_Work task_: Below are the records; copy exactly the lines from the first through the one containing "You are a GUI", both included, and leave out the pictures.

_Recorded data_:

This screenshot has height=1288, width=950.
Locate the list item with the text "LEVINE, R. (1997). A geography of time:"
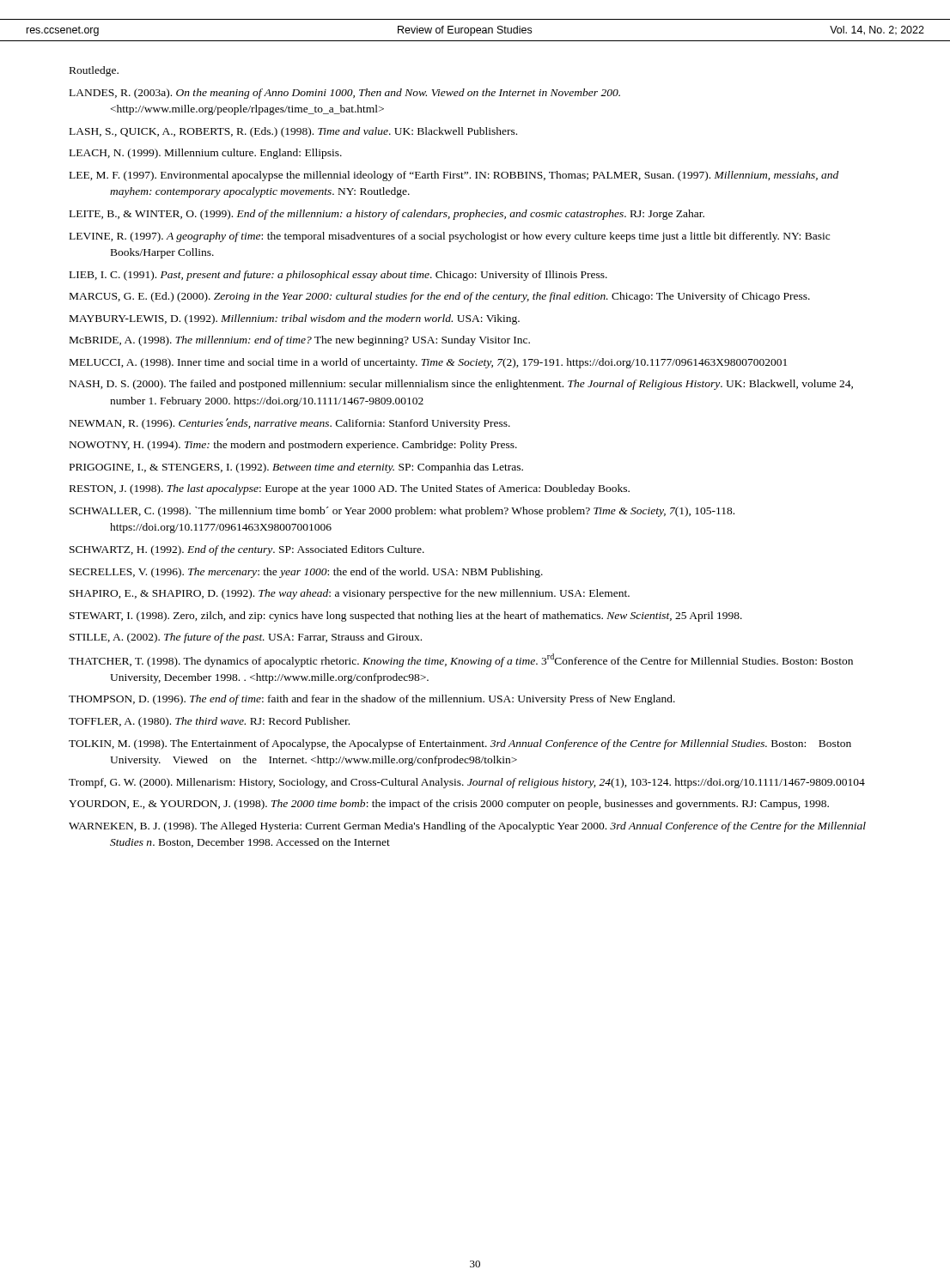pos(450,244)
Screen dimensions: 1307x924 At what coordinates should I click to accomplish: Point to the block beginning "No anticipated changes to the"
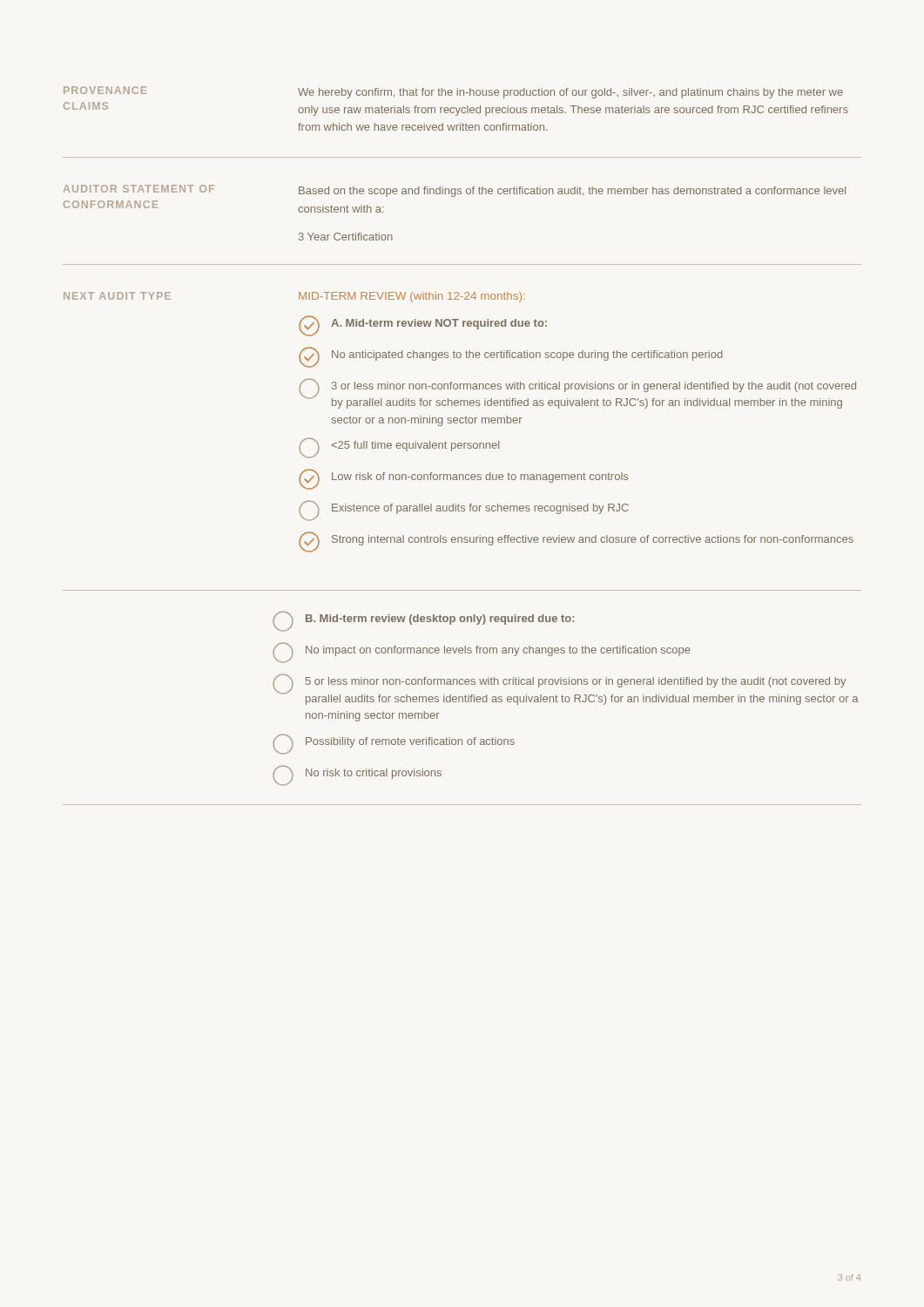[580, 357]
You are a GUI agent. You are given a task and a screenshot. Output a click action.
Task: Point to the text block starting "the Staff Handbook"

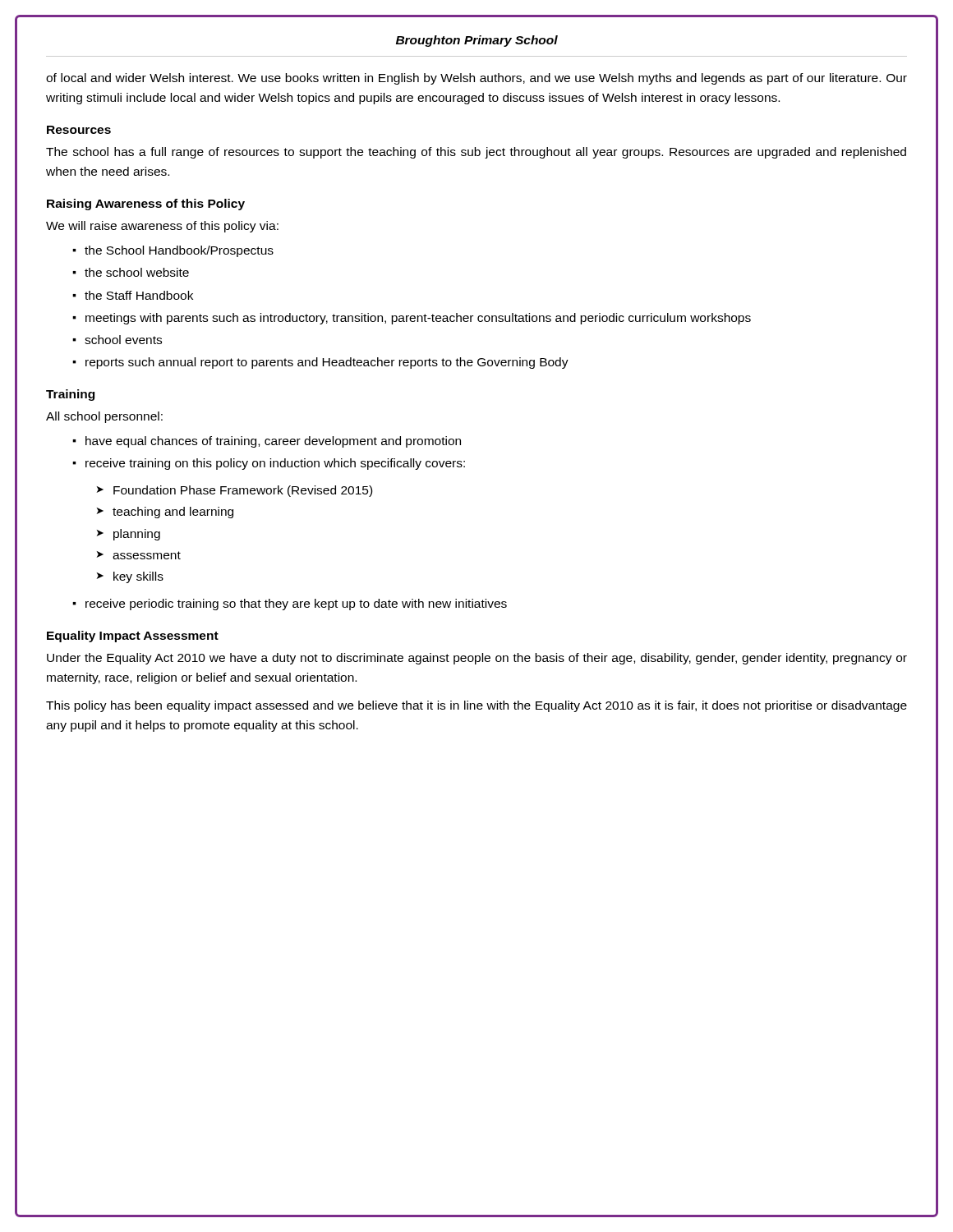139,295
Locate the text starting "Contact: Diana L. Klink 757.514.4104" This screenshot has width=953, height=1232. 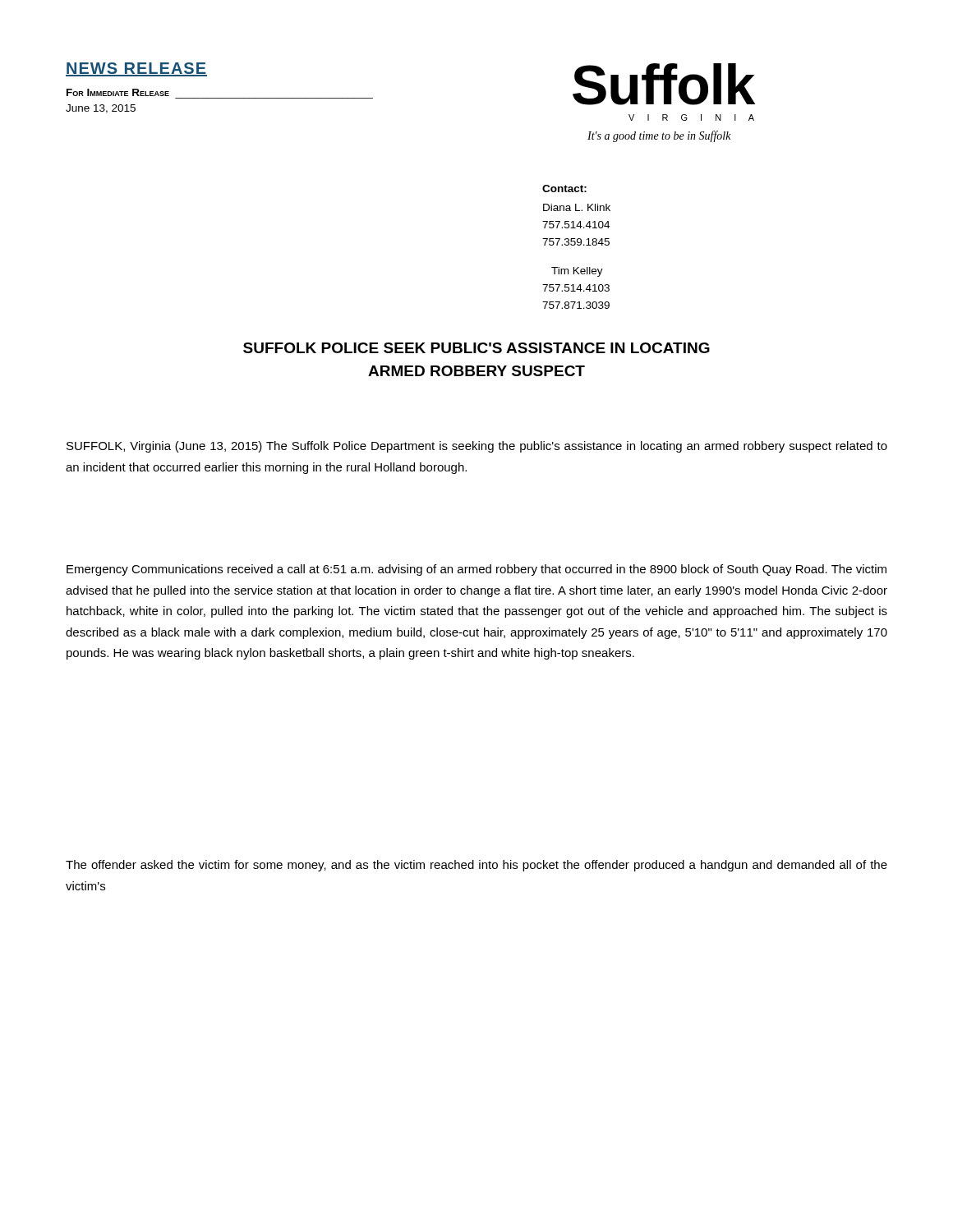(x=564, y=188)
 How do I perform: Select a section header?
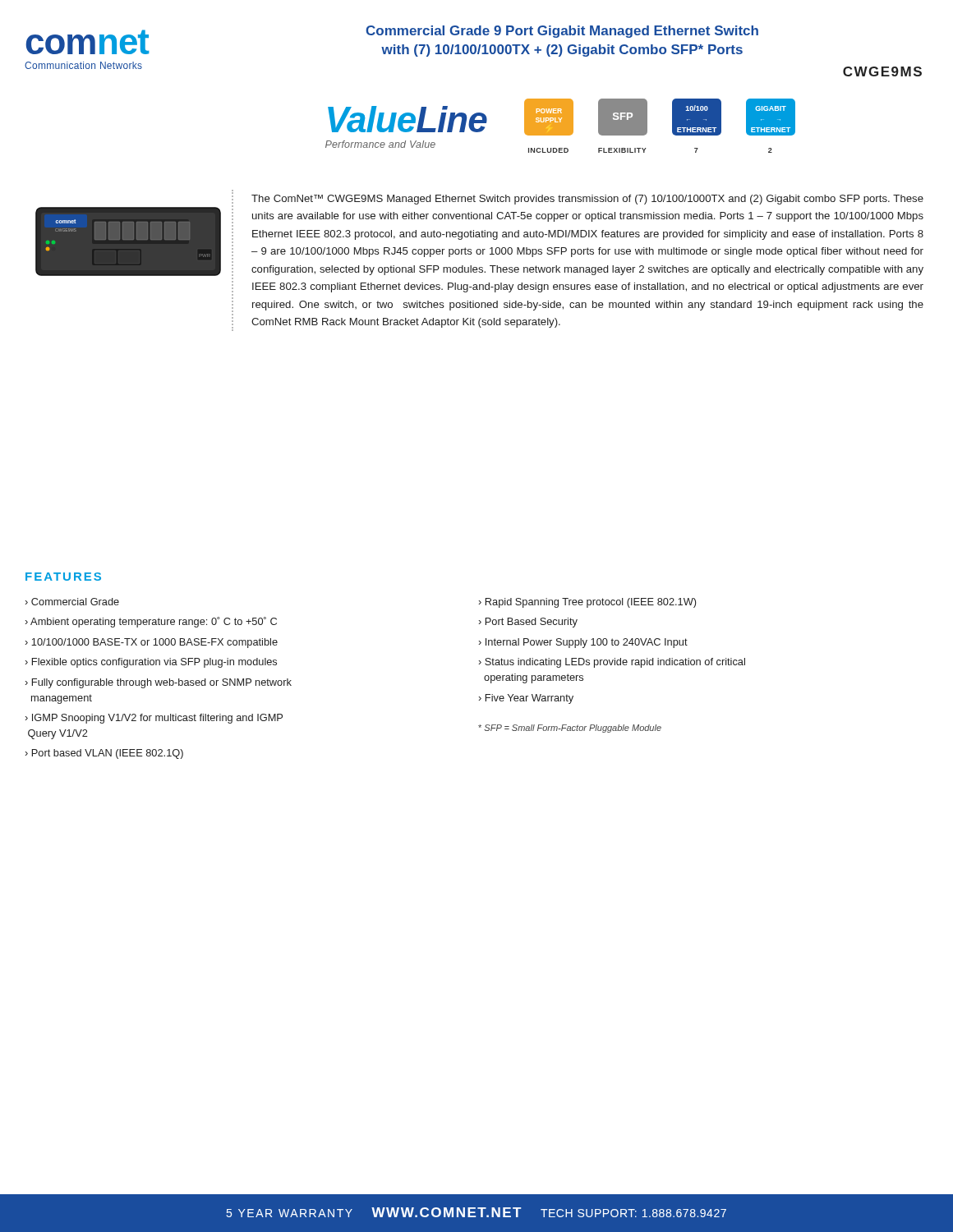pos(64,576)
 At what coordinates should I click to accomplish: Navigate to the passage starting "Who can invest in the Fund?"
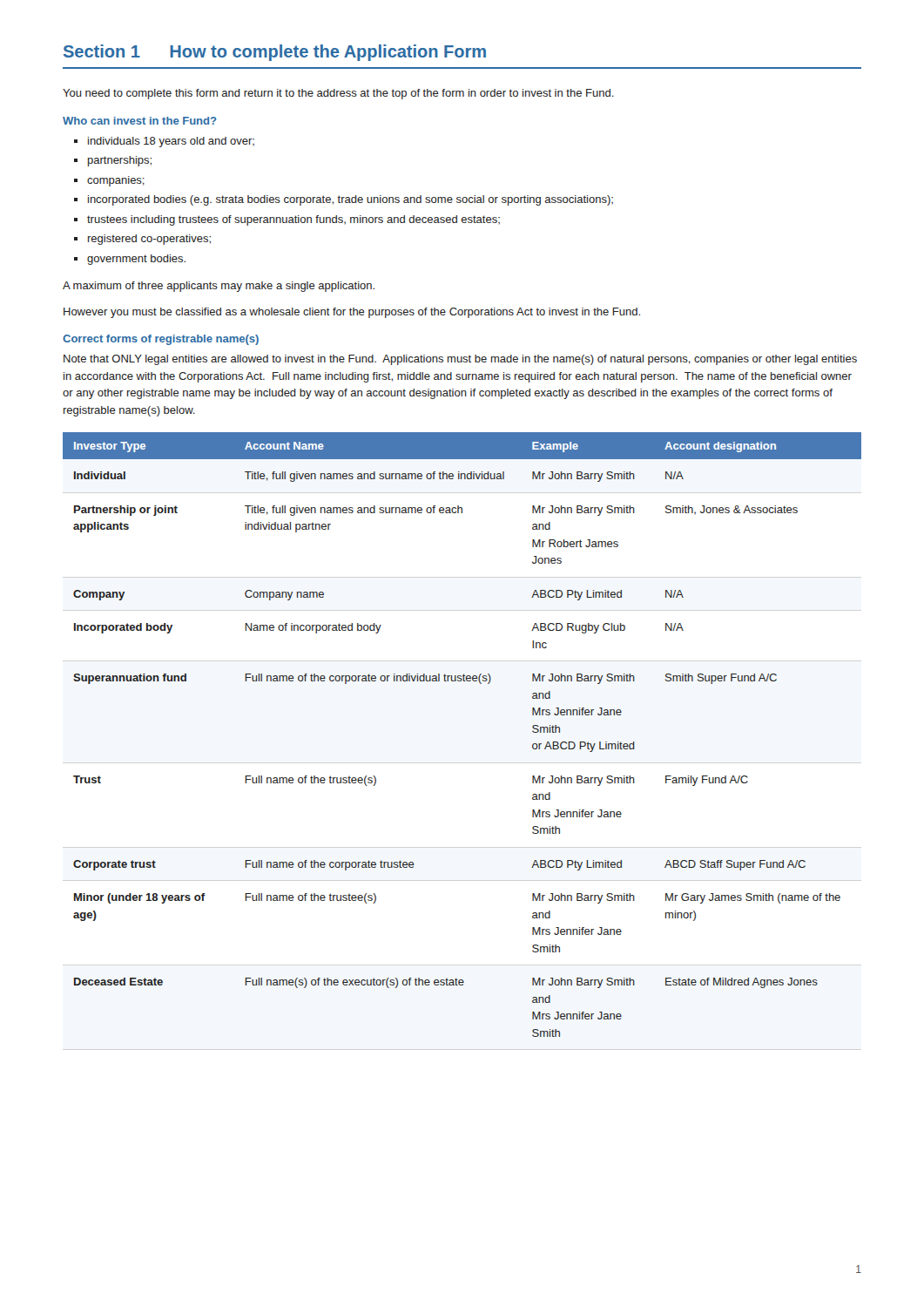tap(140, 120)
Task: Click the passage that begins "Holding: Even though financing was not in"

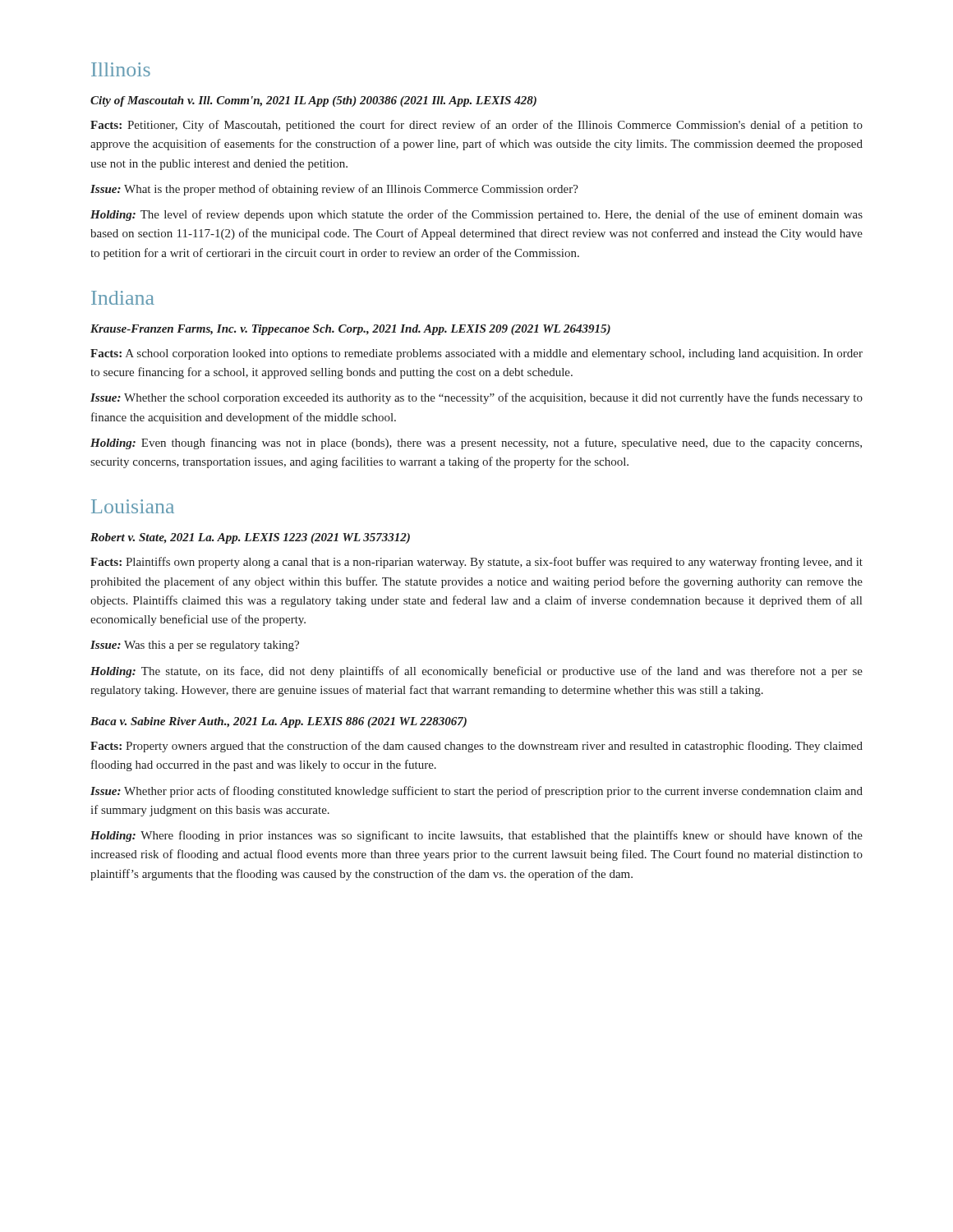Action: [x=476, y=452]

_Solution to the problem_:
This screenshot has height=1288, width=950.
Locate the list item with the text "LEVINE, R. (1997). A geography of time:"
pos(450,244)
Screen dimensions: 1307x924 At what coordinates should I click to accomplish: Point to the block beginning "No anticipated changes to the"
[580, 357]
You are a GUI agent. You are given a task and a screenshot. Output a click action.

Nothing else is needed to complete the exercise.